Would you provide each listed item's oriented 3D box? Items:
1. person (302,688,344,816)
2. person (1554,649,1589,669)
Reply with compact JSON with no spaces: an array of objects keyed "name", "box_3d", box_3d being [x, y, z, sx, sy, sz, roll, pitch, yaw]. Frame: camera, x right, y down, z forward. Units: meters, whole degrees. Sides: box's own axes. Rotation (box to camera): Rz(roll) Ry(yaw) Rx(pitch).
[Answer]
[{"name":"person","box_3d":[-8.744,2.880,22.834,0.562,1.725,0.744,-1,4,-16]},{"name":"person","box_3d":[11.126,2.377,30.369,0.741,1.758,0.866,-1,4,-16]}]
────────
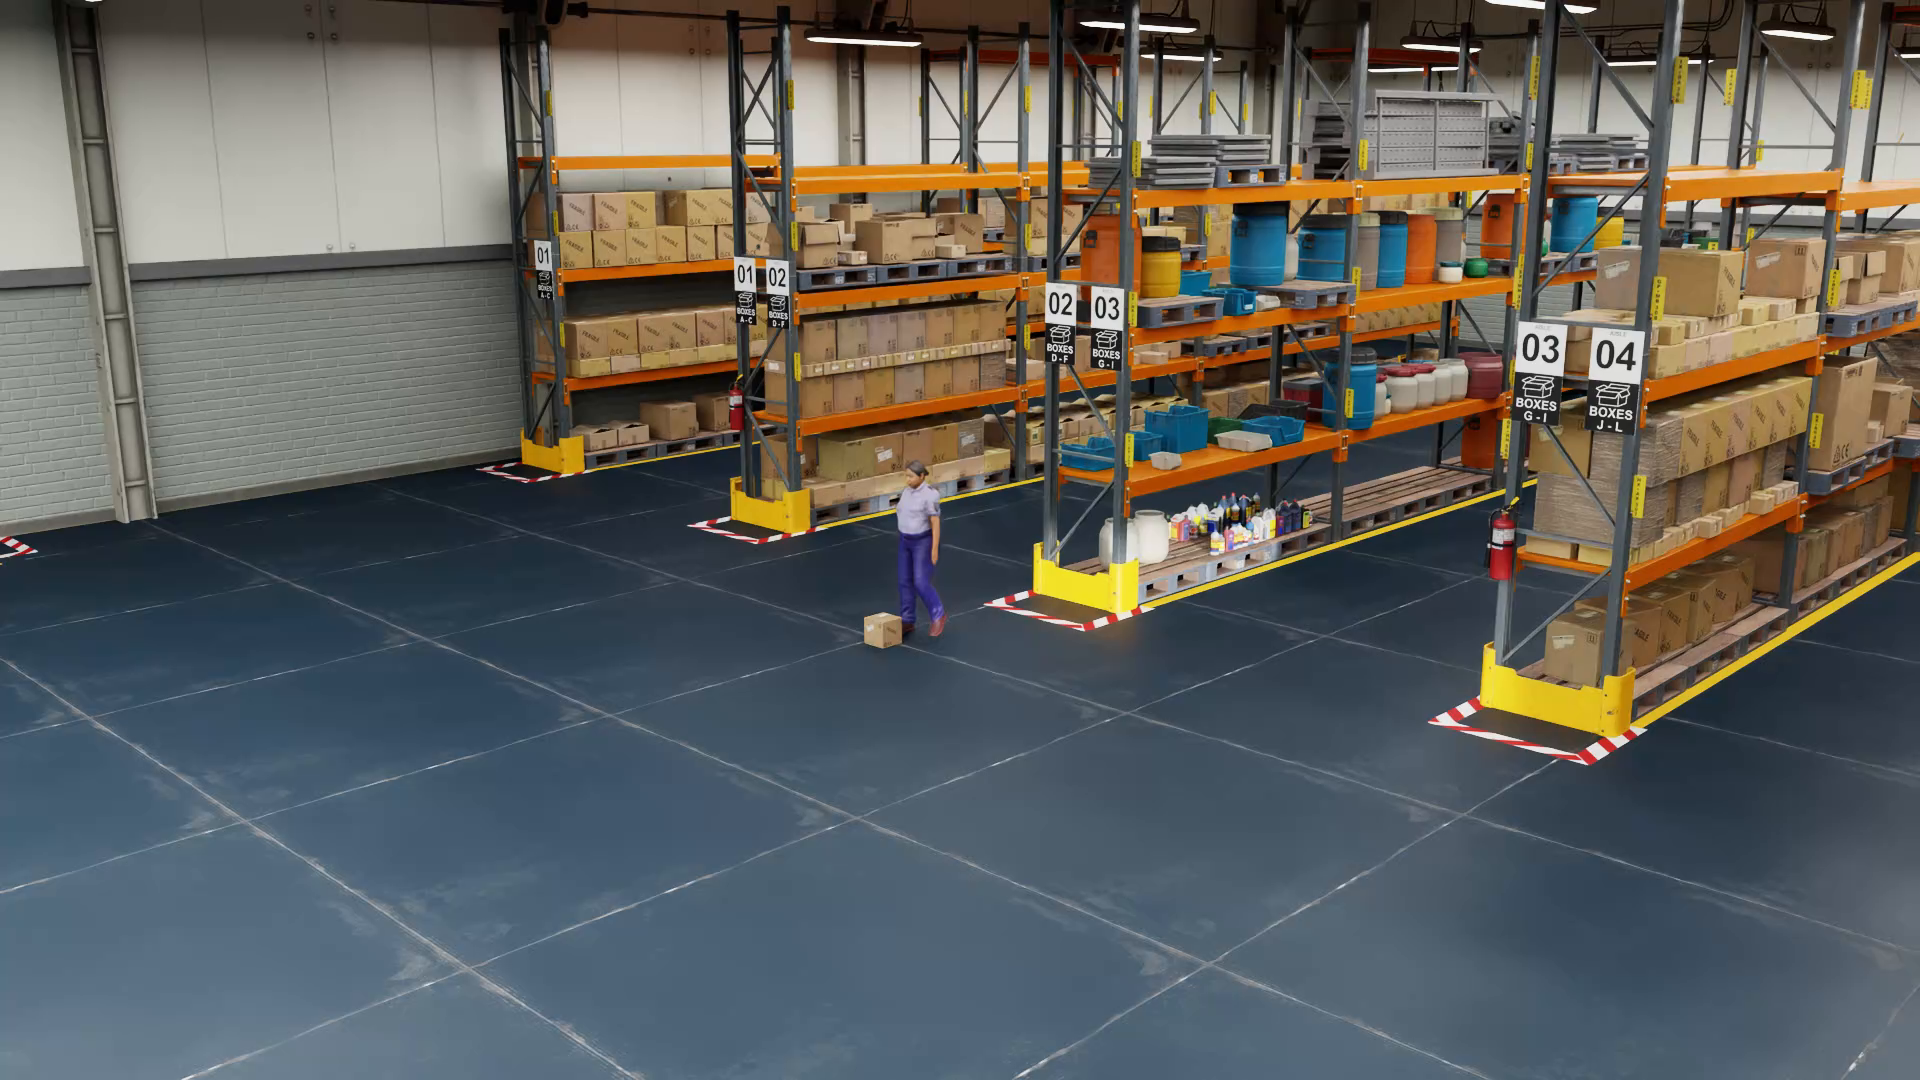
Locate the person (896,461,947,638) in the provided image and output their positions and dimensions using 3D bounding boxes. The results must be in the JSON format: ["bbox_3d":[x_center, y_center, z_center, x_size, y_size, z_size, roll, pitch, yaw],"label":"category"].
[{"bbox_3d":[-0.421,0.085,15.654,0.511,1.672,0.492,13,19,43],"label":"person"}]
────────
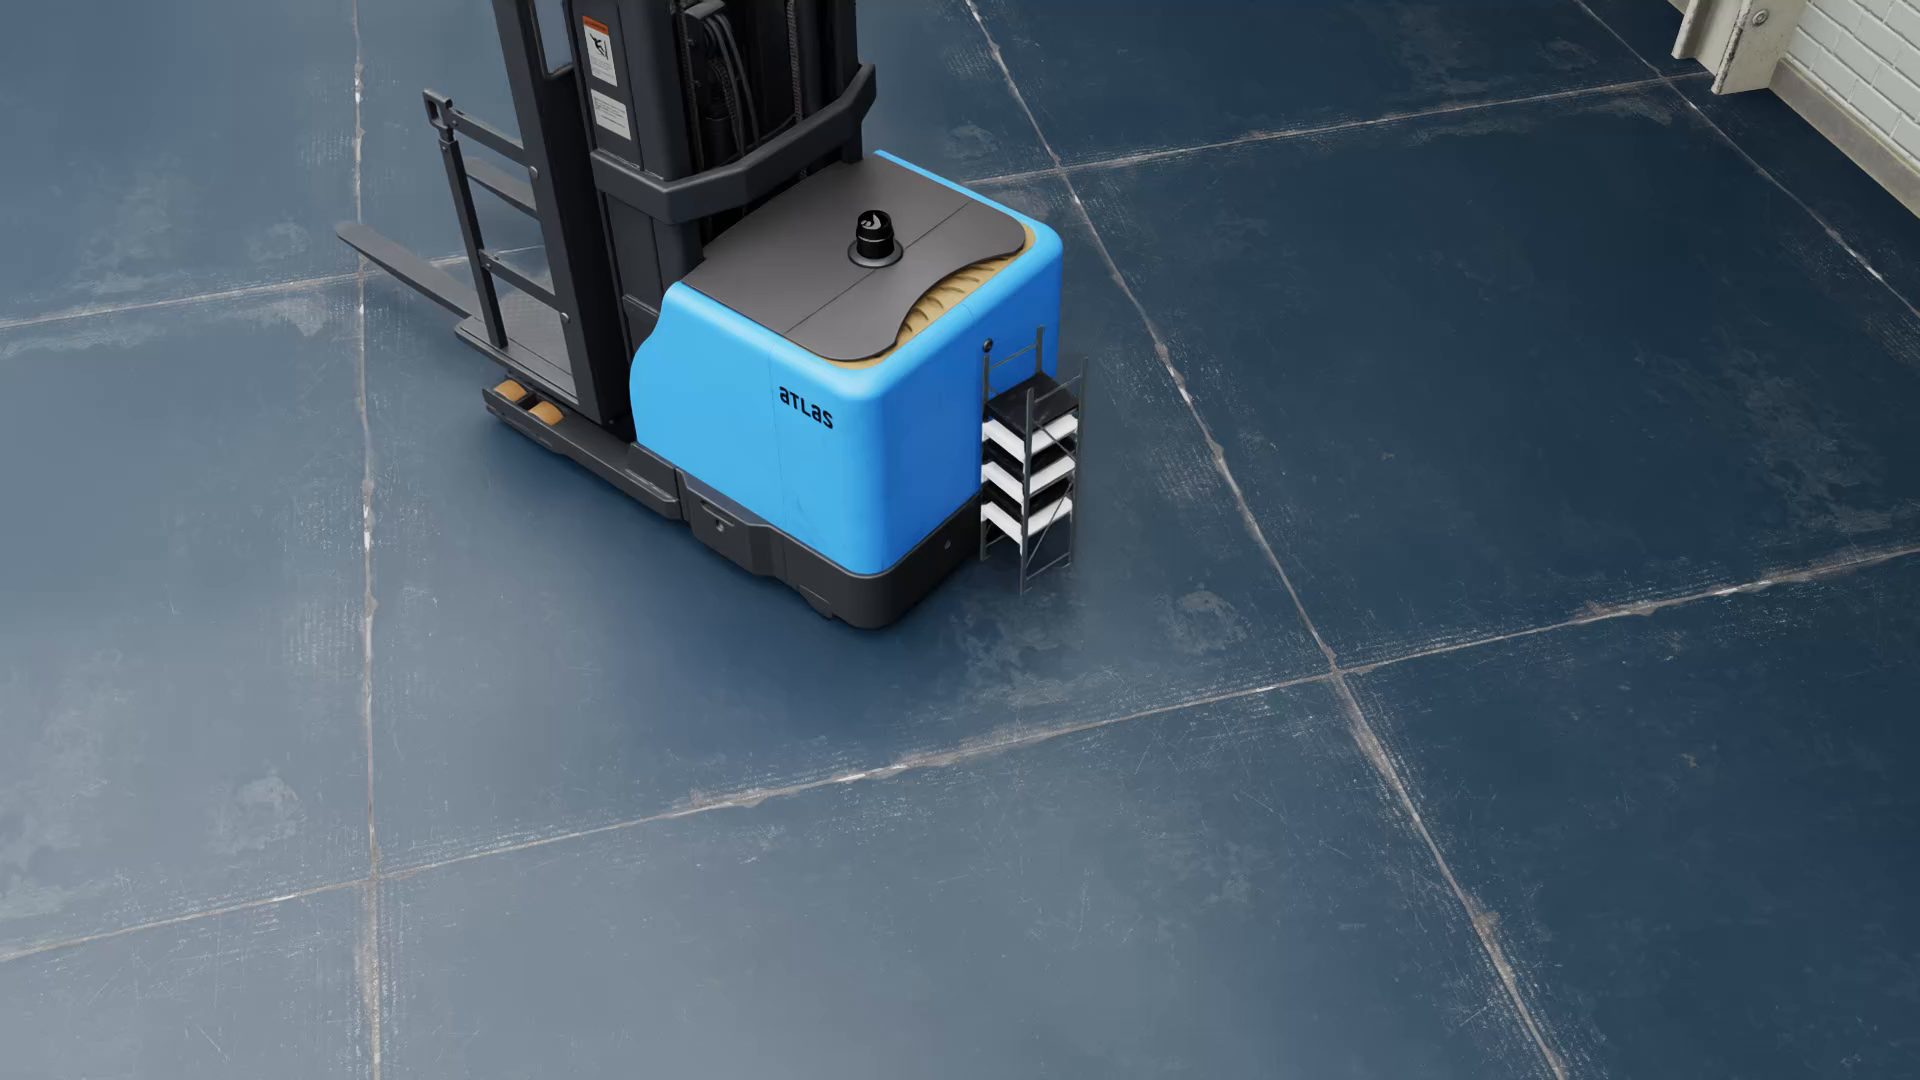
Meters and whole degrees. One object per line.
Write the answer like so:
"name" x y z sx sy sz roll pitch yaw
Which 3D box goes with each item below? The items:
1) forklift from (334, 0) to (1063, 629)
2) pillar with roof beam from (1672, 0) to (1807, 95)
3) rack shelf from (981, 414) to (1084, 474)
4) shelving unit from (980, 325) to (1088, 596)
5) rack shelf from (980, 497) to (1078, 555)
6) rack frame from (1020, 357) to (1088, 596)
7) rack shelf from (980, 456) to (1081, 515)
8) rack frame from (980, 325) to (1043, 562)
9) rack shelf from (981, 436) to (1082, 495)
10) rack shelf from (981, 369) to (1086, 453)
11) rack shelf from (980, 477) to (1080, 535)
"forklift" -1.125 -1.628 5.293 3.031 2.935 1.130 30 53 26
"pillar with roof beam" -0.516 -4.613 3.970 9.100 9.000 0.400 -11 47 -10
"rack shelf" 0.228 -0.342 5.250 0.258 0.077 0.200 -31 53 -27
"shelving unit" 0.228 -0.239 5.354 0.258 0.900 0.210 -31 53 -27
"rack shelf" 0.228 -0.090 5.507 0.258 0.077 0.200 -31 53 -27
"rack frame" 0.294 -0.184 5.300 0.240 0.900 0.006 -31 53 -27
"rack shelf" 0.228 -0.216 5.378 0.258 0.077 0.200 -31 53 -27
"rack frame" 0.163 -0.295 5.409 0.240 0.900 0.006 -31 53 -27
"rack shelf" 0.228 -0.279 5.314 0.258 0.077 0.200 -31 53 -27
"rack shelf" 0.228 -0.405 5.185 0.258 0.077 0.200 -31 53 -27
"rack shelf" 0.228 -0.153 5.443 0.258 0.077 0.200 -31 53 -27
────────
Could you copy every line in the records that holds "item"?

§ COMPLETED EXERCISE
Would you provide each listed item's oriented 3D box? Items:
Which 3D box goes with each item below? The items:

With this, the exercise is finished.